CAM201 Pharmacological Management of Dyslipidaemia Flashcards
Describe the main effect (not cellular mechanism) of Statin drugs, and their primary indications.
Statins are LDL-lowering drugs. They do this by inhibiting endogenous (hepatic) LDL production.
They are indicated for primary prevention of arterial (atherosclerotic) disease in patients with hypercholesterolemia
They are indicated for secondary prevention of stroke and AMI in patients with atherosclerotic disease
Describe the cellular mechanism of Statin drugs and how this affects plasma LDL levels
Statin drugs decrease circulating LDL-C by inhibiting endogenous (hepatic) production of LDL.
They do this by inhibiting the rate-controlling enzyme, HMG-CoA Reductase.
By inhibiting HMG-CoA Reductase, statin drugs prevent the conversion of HGM-CoA into Mevalonate.
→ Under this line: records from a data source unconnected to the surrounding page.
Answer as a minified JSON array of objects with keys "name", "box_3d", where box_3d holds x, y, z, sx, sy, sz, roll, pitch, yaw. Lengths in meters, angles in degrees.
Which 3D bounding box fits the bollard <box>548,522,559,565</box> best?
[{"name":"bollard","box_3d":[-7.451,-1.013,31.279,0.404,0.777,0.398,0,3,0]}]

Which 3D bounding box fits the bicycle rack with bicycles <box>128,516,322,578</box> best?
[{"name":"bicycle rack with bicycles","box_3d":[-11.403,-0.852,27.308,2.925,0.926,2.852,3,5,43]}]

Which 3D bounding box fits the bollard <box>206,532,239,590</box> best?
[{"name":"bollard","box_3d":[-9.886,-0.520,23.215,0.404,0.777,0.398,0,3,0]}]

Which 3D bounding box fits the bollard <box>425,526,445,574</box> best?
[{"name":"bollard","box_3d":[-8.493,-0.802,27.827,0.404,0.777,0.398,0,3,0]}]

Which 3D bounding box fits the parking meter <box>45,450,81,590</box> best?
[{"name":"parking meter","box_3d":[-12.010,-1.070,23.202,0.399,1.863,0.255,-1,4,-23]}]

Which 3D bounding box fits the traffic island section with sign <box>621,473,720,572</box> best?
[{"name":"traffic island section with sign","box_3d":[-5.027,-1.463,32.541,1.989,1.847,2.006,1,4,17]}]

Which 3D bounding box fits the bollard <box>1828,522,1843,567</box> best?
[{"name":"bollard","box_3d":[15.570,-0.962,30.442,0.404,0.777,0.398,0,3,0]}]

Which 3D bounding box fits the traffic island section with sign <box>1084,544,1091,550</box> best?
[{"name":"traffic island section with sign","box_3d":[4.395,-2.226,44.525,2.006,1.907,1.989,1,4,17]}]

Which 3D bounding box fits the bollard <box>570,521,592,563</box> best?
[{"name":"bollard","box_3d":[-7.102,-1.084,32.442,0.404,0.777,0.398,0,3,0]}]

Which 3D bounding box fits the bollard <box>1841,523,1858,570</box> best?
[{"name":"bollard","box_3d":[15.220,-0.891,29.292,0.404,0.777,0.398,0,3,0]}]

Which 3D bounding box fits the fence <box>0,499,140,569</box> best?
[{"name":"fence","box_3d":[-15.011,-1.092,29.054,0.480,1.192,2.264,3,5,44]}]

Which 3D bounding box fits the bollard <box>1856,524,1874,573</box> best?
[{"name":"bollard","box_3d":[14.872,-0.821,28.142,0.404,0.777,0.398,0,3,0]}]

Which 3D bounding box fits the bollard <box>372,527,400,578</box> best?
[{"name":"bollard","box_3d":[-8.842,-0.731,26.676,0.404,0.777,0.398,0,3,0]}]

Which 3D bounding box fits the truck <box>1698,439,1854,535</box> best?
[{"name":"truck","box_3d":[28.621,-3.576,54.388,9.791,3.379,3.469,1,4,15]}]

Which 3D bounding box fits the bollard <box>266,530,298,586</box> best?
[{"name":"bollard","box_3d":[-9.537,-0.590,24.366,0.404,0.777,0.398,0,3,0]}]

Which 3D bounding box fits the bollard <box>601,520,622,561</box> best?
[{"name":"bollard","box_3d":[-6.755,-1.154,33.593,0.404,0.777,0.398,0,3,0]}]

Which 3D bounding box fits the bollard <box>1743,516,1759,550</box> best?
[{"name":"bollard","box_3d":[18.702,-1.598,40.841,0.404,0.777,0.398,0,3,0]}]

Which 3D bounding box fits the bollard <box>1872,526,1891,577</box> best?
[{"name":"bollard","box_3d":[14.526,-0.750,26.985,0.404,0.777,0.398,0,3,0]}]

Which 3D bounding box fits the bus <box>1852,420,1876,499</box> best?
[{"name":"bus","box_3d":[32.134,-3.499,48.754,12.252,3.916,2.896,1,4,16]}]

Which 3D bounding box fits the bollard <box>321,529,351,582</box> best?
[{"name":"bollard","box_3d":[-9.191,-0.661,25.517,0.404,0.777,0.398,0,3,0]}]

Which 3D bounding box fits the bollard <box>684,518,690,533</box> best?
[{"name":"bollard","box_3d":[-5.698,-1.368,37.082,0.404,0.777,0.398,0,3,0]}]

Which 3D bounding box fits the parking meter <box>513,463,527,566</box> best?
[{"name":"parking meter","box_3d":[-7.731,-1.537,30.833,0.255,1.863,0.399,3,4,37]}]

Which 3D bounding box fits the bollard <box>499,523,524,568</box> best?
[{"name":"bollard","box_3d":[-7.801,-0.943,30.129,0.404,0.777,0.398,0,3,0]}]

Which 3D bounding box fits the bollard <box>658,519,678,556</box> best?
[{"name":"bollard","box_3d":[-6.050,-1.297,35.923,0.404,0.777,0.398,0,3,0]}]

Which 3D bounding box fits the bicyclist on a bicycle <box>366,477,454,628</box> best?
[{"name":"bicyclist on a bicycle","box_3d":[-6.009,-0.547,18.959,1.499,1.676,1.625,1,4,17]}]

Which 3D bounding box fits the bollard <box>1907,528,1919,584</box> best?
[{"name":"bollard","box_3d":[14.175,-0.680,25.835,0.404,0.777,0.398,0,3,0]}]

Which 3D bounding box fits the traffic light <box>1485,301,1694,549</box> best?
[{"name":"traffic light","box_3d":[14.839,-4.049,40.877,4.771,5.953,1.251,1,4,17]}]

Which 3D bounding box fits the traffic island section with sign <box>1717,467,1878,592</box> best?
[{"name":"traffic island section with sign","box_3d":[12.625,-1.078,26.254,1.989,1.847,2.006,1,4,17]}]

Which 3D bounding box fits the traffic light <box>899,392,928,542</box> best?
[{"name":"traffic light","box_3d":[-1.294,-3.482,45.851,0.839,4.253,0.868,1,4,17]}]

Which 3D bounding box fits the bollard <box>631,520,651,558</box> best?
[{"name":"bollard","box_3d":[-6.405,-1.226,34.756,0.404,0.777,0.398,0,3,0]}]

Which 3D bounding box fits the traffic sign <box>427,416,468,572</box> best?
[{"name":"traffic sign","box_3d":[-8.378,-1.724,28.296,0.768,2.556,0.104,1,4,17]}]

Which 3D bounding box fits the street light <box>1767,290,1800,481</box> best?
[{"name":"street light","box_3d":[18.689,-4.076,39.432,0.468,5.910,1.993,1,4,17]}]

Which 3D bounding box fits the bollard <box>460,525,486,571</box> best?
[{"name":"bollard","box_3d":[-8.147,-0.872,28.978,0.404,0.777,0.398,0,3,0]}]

In doing this, they obviously prevent the conversion of Mevalonate into cholesterol (which is the normal pathway for cholesterol synthesis in the liver).
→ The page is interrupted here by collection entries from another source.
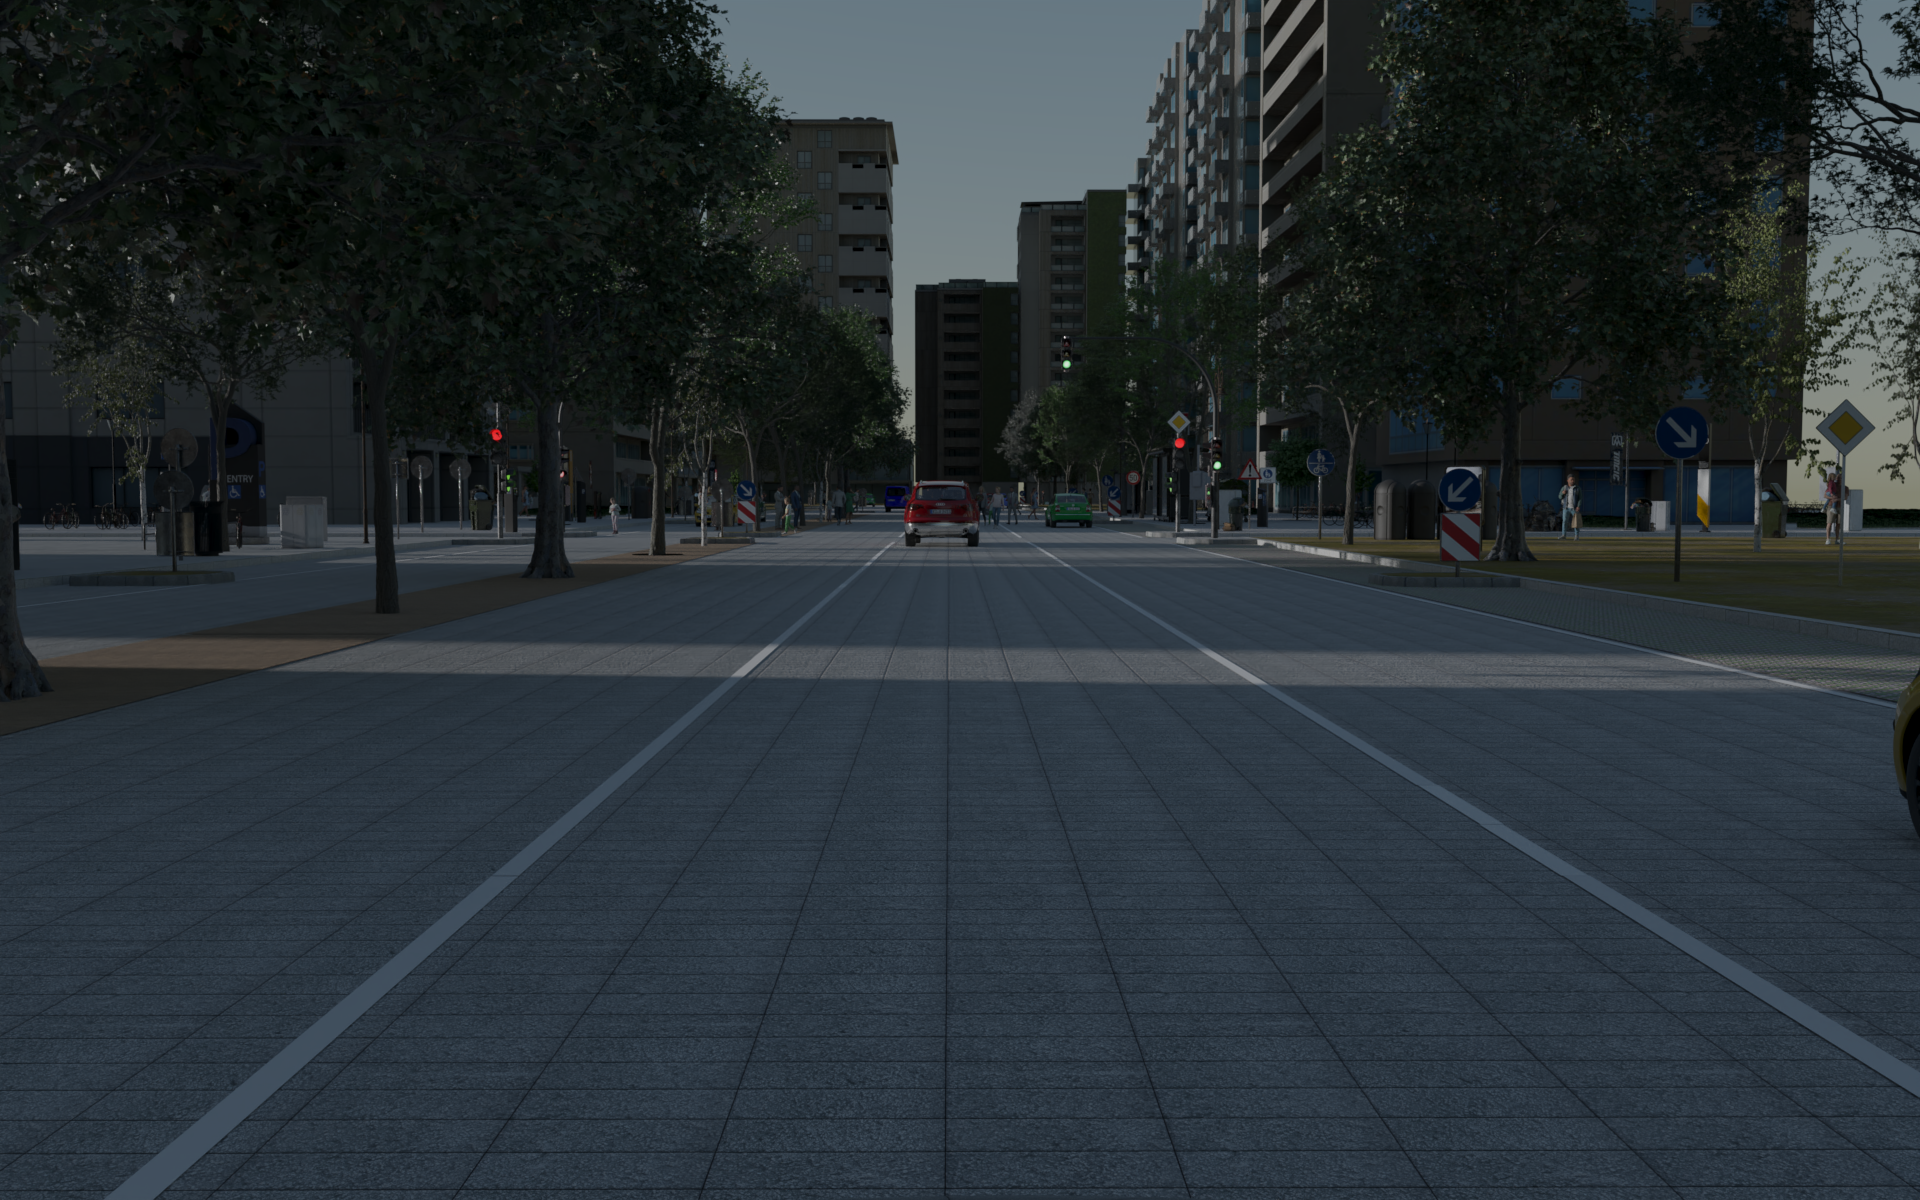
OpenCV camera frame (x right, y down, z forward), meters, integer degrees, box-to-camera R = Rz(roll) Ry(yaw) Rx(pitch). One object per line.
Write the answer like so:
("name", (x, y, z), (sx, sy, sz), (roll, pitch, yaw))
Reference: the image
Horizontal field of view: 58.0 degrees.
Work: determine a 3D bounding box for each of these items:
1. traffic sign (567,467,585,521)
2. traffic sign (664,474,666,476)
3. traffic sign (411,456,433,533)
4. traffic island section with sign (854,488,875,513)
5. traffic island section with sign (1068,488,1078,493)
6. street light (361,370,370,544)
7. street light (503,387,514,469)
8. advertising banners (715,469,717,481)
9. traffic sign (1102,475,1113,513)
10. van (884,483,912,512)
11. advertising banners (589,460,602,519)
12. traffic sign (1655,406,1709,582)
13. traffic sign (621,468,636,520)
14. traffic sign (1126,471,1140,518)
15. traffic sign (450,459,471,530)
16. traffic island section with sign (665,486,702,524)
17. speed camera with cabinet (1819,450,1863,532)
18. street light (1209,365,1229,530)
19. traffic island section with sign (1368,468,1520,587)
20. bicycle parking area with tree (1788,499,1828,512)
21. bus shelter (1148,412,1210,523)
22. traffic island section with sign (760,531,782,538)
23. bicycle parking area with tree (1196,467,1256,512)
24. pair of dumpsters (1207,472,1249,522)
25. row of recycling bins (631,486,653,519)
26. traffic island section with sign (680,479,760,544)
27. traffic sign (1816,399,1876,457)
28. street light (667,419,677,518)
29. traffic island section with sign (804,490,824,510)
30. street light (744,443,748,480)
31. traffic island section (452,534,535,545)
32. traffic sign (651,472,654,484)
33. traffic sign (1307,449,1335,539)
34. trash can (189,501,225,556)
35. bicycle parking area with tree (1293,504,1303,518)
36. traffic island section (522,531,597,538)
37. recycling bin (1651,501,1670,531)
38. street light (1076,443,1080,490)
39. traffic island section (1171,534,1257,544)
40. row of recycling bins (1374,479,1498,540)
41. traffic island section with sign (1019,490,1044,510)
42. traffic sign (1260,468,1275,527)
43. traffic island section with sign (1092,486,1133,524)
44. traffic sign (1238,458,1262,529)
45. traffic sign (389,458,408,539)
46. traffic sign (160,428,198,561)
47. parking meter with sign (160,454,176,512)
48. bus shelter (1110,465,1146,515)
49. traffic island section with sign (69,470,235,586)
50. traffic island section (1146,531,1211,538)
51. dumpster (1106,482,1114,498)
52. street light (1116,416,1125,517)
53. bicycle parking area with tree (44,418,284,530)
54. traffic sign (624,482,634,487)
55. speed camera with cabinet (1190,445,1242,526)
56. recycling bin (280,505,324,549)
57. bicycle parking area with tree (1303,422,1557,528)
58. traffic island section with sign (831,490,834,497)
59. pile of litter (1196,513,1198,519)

By decreasing endogenous LDL synthesis, statins cause an increase in uptake of LDL from the blood: there is increased LDL receptor synthesis and, subsequently, increased clearance of LDL. This means more LDL is taken up from the blood, decreasing plasma LDL concentrations.
Statins also cause small decreases in TG levels and increase HDL
Statins are the first-line pharmacological treatment option in hypercholesterolaemia (even in high TG cases). Can be used in combination with Fibrates, and Fibrates + Nicotinic Acid, in stubborn hypercholesterolaemia.
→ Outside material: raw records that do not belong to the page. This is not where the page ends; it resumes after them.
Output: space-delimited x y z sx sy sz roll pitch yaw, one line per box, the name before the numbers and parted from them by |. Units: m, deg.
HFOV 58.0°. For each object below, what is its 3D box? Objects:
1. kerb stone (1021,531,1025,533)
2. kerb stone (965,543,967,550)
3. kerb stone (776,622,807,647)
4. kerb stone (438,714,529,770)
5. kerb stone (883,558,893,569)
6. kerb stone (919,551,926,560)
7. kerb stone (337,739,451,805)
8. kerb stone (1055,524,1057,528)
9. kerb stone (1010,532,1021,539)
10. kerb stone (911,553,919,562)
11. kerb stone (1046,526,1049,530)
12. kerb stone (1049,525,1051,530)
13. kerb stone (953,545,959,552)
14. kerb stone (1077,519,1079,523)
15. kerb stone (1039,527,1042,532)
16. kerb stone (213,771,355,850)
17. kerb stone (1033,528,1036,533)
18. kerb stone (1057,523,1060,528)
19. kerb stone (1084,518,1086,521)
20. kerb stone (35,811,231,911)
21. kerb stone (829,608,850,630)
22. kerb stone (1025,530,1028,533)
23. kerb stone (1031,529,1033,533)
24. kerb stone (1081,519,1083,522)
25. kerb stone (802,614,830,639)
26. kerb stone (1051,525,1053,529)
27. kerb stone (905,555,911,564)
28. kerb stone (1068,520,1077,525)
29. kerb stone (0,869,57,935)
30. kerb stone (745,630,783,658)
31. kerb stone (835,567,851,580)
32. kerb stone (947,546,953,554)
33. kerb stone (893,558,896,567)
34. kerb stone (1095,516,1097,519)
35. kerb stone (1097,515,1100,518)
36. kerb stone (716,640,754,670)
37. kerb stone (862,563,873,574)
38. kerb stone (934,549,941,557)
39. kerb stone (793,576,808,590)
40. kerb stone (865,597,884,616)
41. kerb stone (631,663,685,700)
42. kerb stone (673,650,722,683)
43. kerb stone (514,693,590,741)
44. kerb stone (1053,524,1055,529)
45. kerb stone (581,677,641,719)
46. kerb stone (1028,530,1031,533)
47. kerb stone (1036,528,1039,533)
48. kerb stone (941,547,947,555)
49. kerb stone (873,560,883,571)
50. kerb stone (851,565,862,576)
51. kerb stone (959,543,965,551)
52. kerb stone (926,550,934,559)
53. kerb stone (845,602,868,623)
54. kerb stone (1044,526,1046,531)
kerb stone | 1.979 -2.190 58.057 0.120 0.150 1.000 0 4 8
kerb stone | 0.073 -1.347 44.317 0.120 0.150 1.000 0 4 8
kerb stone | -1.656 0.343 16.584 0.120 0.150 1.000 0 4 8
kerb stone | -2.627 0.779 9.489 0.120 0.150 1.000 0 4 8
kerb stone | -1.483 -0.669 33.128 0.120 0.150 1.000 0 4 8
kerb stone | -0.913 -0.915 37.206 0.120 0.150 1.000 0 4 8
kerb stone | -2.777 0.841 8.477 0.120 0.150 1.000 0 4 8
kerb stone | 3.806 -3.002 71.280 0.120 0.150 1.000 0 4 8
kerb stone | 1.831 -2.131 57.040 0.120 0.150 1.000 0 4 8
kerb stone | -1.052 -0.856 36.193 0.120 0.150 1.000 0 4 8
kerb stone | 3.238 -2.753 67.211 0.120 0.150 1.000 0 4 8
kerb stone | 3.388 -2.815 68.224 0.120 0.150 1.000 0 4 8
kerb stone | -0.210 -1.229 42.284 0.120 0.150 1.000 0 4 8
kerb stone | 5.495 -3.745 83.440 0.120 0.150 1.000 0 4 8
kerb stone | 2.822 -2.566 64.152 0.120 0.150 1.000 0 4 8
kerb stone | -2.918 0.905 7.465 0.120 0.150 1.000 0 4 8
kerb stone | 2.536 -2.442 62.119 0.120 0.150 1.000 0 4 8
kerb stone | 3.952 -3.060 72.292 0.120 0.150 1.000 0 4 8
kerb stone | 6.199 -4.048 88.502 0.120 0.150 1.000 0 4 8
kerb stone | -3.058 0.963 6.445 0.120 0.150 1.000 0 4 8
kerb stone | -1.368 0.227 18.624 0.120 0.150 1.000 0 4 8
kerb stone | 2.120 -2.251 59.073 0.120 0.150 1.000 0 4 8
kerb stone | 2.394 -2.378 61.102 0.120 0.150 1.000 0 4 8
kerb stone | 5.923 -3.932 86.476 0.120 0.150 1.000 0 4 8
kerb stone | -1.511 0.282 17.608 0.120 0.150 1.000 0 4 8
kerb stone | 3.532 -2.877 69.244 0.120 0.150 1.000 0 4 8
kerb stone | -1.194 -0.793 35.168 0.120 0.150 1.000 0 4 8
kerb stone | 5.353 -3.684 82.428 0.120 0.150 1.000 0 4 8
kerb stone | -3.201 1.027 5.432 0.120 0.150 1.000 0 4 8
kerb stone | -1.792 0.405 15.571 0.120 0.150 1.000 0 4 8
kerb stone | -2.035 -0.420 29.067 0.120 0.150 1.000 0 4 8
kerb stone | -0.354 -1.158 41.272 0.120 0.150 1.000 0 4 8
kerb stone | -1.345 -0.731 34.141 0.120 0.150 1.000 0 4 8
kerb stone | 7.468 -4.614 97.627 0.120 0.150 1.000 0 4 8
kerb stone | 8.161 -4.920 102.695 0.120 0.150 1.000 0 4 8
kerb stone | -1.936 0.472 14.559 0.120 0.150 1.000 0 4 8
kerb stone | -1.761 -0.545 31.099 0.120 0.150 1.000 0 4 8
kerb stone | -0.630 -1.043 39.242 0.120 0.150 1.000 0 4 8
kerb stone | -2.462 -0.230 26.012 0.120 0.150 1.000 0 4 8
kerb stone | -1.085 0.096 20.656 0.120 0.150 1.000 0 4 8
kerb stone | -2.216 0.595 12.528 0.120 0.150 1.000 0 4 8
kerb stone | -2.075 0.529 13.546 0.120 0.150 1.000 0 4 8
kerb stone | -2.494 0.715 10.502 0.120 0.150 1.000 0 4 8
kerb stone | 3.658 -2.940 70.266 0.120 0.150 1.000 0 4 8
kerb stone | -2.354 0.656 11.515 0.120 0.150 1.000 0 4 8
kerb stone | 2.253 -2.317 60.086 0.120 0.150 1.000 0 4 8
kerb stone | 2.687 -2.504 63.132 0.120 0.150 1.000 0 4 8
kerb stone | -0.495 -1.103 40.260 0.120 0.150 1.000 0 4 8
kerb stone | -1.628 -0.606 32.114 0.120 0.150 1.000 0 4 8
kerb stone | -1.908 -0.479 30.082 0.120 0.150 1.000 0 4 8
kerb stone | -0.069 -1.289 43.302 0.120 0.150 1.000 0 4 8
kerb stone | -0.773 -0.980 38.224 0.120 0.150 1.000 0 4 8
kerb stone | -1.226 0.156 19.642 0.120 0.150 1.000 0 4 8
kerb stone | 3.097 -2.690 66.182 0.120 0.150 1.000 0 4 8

Most concerning adverse effect of statins
Rhabdomyolysis
Describe the Cellular Mechanisms of Gemfibrozil
Gemfibrozil is a Fibrate - TG-lowering drug.
Gemfibrozil lowers circulating TG levels by antagonising the transcription factor PPAR, which is present in the nuclei of macrophages and brown adipose tissue. Generally, PPAR increases lipid metabolism.
By inhibiting the actions of PPAR, lipid metabolism decreases, leading to increased uptake of VLDL and Chylomicrons from the blood into the liver. This, by extension, reduces endogenous TG production (because there is not a need for more due to suppressed lipid metabolism).
Additionally, Gemfibrozil also causes increased excretion of cholesterol from the liver in the faeces.
In stubborn Hypercholesterolaemia, Gemfibrozil is often used in combination with a statin. In very stubborn hypercholesterolaemia, a Nicotinic acid may also be added to the mix.
Gemfibrozil is the next option for treatment of hypercholesterolaemia in patients that do not tolerate statins.
Gemfibrozil can also be used in combination with Nicotinic acid, in this case, if Gemfibrozil alone is not enough.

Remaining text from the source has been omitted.